От мыслей об этом мне становится не по себе. Как вообще возможно так жить? Особенно осознавая, что лечения, скорее всего, нет, а все попытки не приносят должного результата.
— Вроде того, — он печально хмыкает. — Звучит хуже, чем есть на самом деле, потому что к этому быстро привыкаешь. Но отвлекаться на рисование я бы все равно не стал — оно требует слишком сильного погружения. Хорошо хоть, что я могу читать и заниматься выпечкой, а то бы точно свихнулся.
Бормочу что-то вроде: «Да уж, хорошо», не в силах больше составлять слова в предложения.
Этот разговор многое объясняет. По крайней мере, он объясняет, почему Пит иногда излишне вспыльчив или замкнут. Почему не хочет разговаривать о чем-то неприятном или тяжелом. И почему всегда держит меня немного на расстоянии. А все домыслы теперь кажутся такими глупыми и детскими.
Не могу даже представить, что ему приходится переживать каждый день, и будь я на его месте, то точно сдалась бы давным-давно. Как можно жить, думая, что внутри тебя бомба замедленного действия, которая может уничтожить все вокруг, стоит тебе только ослабить контроль? Даже если эта бомба не так уж и опасна на самом деле и, скорее всего, ее можно сдержать, сам Пит ведь считает иначе.

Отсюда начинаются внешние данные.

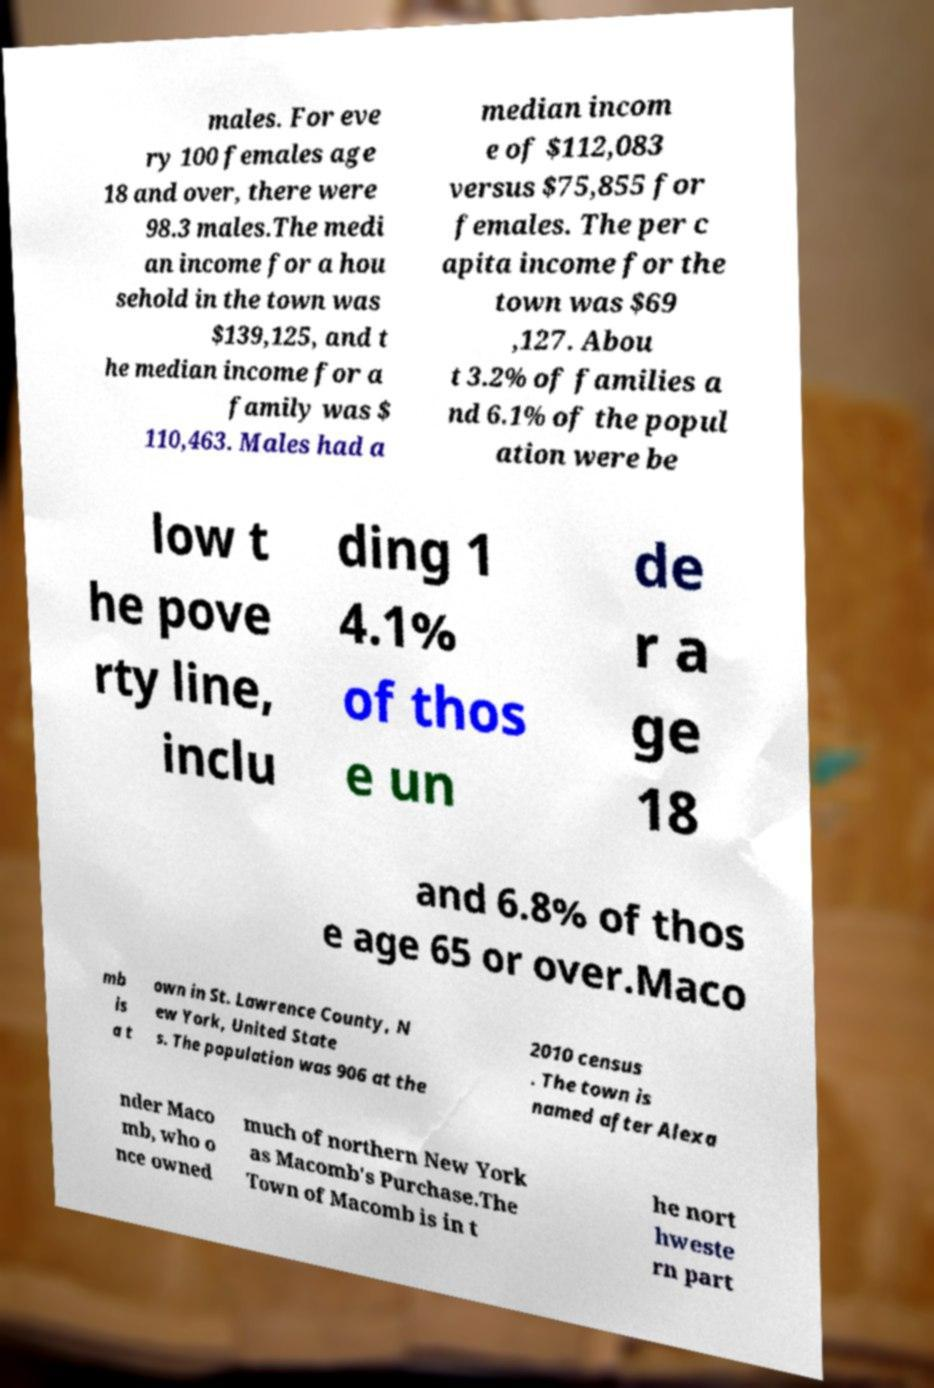Please read and relay the text visible in this image. What does it say? males. For eve ry 100 females age 18 and over, there were 98.3 males.The medi an income for a hou sehold in the town was $139,125, and t he median income for a family was $ 110,463. Males had a median incom e of $112,083 versus $75,855 for females. The per c apita income for the town was $69 ,127. Abou t 3.2% of families a nd 6.1% of the popul ation were be low t he pove rty line, inclu ding 1 4.1% of thos e un de r a ge 18 and 6.8% of thos e age 65 or over.Maco mb is a t own in St. Lawrence County, N ew York, United State s. The population was 906 at the 2010 census . The town is named after Alexa nder Maco mb, who o nce owned much of northern New York as Macomb's Purchase.The Town of Macomb is in t he nort hweste rn part 
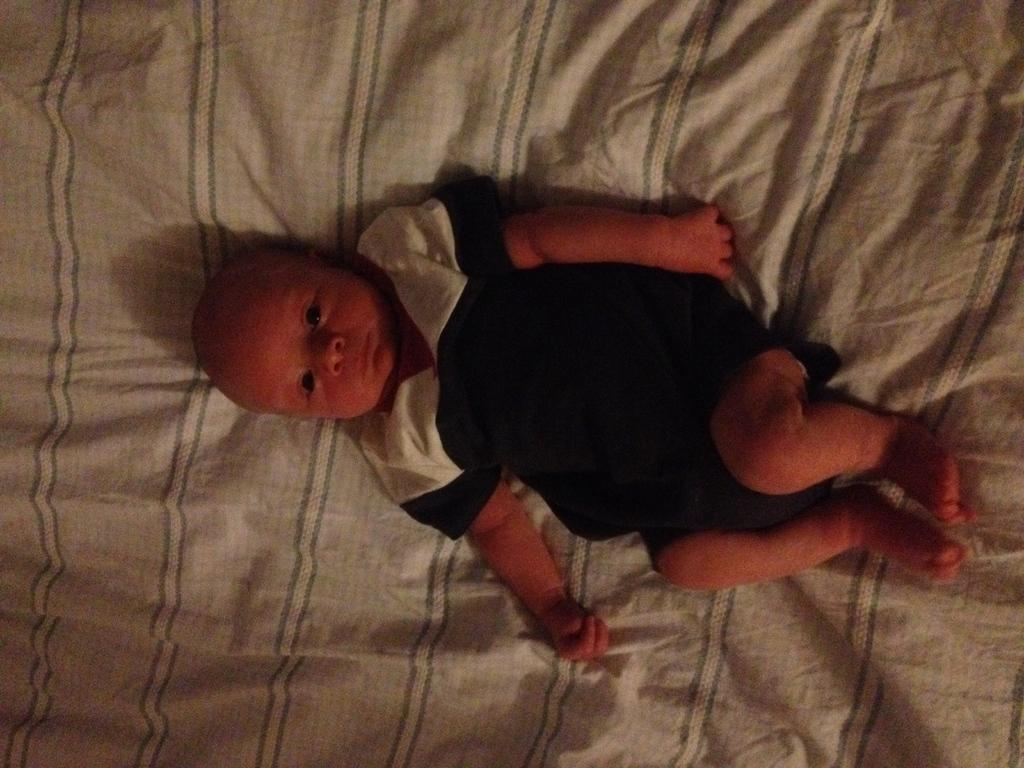What is the main subject of the image? There is a baby in the image. Where is the baby located? The baby is lying on a bed. Can you see any ladybugs crawling on the baby in the image? No, there are no ladybugs present in the image. Where is the lunchroom in the image? There is no mention of a lunchroom in the image; it only features a baby lying on a bed. 
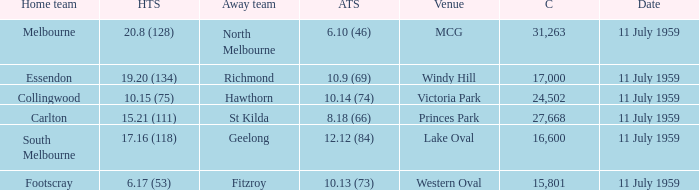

И во всем этом ему приходится вариться в одиночку. Он единственный человек в мире, кто испытывает сейчас нечто подобное. И при этом считает себя слишком опасным, чтобы разделить свое положение с кем-то. Да, есть Энни, Аврелий и мы, но большую часть времени ему приходится проводить наедине с собой и как-то не сходить с ума.
— Я бы очень хотела помочь, — еле слышно шепчу я, поддавшись мыслям об этом холодном одиночестве.
В ответ Пит уверяет, что и я так помогаю всем, чем могу, но я прекрасно понимаю, что это не так. Спорить тоже нет смысла, поэтому вскоре мы просто желаем друг другу спокойной ночи и прощаемся до завтрака, но я не сплю, а просто лежу на кровати, уткнувшись носом в подушку.
Воодушевление от долгожданного желания Пита поделиться чем-то очень личным с легкостью перекрывается тяжестью от услышанного. Нет, конечно, я совсем не жалею, что узнала правду. Более того, очень плохо, что этого не случилось раньше. Но теперь меня еще сильнее захватывает желание или даже необходимость все исправить.
Нужно придумать, как помочь ему, но только вот вряд ли я способна преуспеть в этом больше, чем лучший мозгоправ в стране. К тому же именно мое присутствие, должно быть, сбивает его с толку сильнее всего. И это снова приводит тупик. В этот раз настолько глухой, что хочется зареветь во весь голос, но я держусь.